The Peace Factor, the invisible elephant in the room, mostly is ignored in the press. (This oversight is due to insular, not sinister, reasons. Most reporters are busy listening to one other rather than keeping their eyes open and ear to the ground.  Human nature.) Still, even though almost invisible, peace is powerful.

Hawk vs. Dove recurrently is, as it should be, a very big deal in American presidential politics.  “So let there be no doubt:  The tide of war is receding.” Expect America’s voters to lean toward peace in preference to war, toward butter in preference to guns, and for peace to play a major, if almost invisible, role in Election 2016.

The political elephant of peace may be nearly invisible. Yet she is not without tusks.  Welcome to American politics.

CNN did a great thing by highlighting the distinctions between the candidates: tough doves, hawks, and one partridge. Polling strongly indicates that the GOP voters are embracing the Reaganite tough doves in preference to W-ite belligerent hawks … or mixed up partridge.
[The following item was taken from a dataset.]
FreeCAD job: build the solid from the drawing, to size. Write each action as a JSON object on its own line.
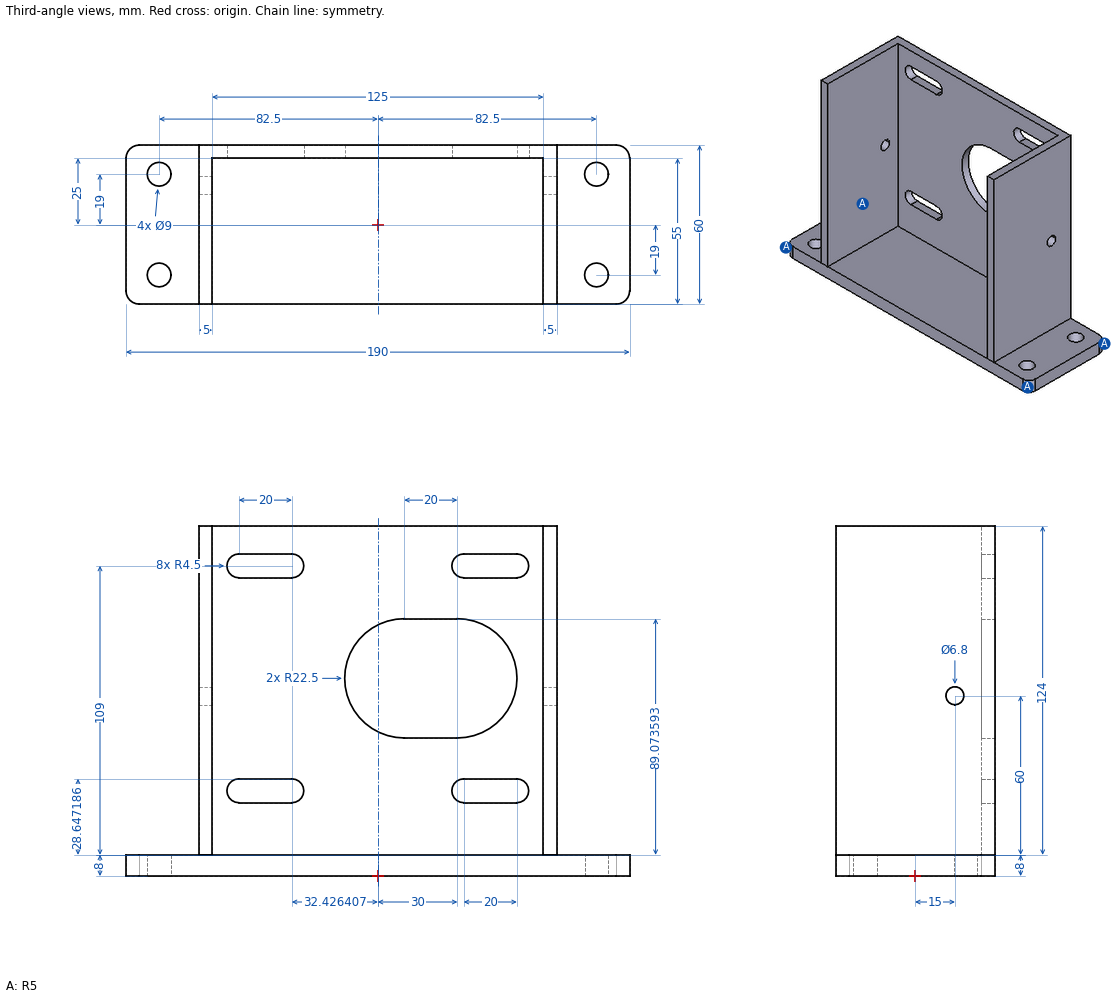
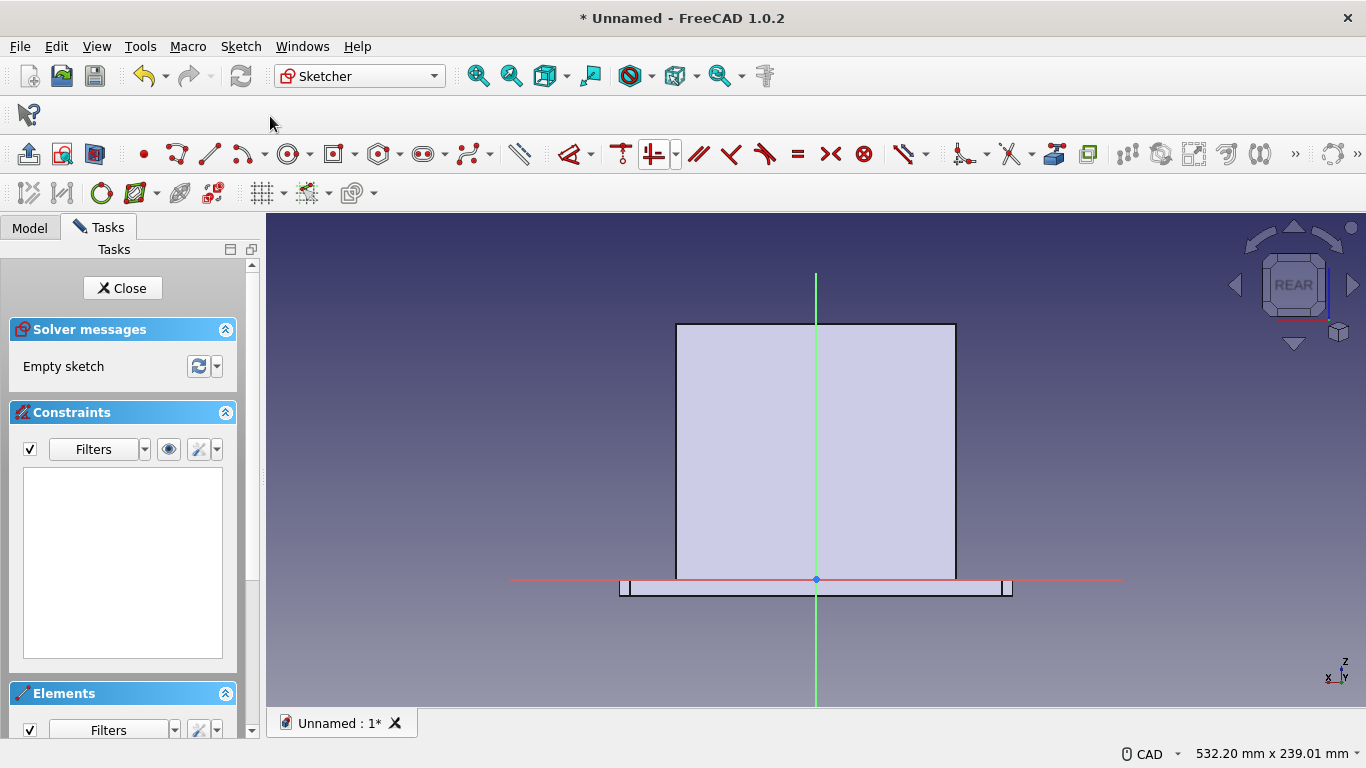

On the Tenth Day Before Christmas The CNN Debate Gave To Me: 5 Fighting Hawks, 3 Tough Doves, and a Partridge In A Pear Tree.

Ralph Benko, internationally published weekly columnist, co-author of The 21st Century Gold Standard, lead co-editor of the Gerald Malsbary translation from Latin to English of Copernicus’s Essay on Money, is American Principles Project’s Senior Advisor, Economics.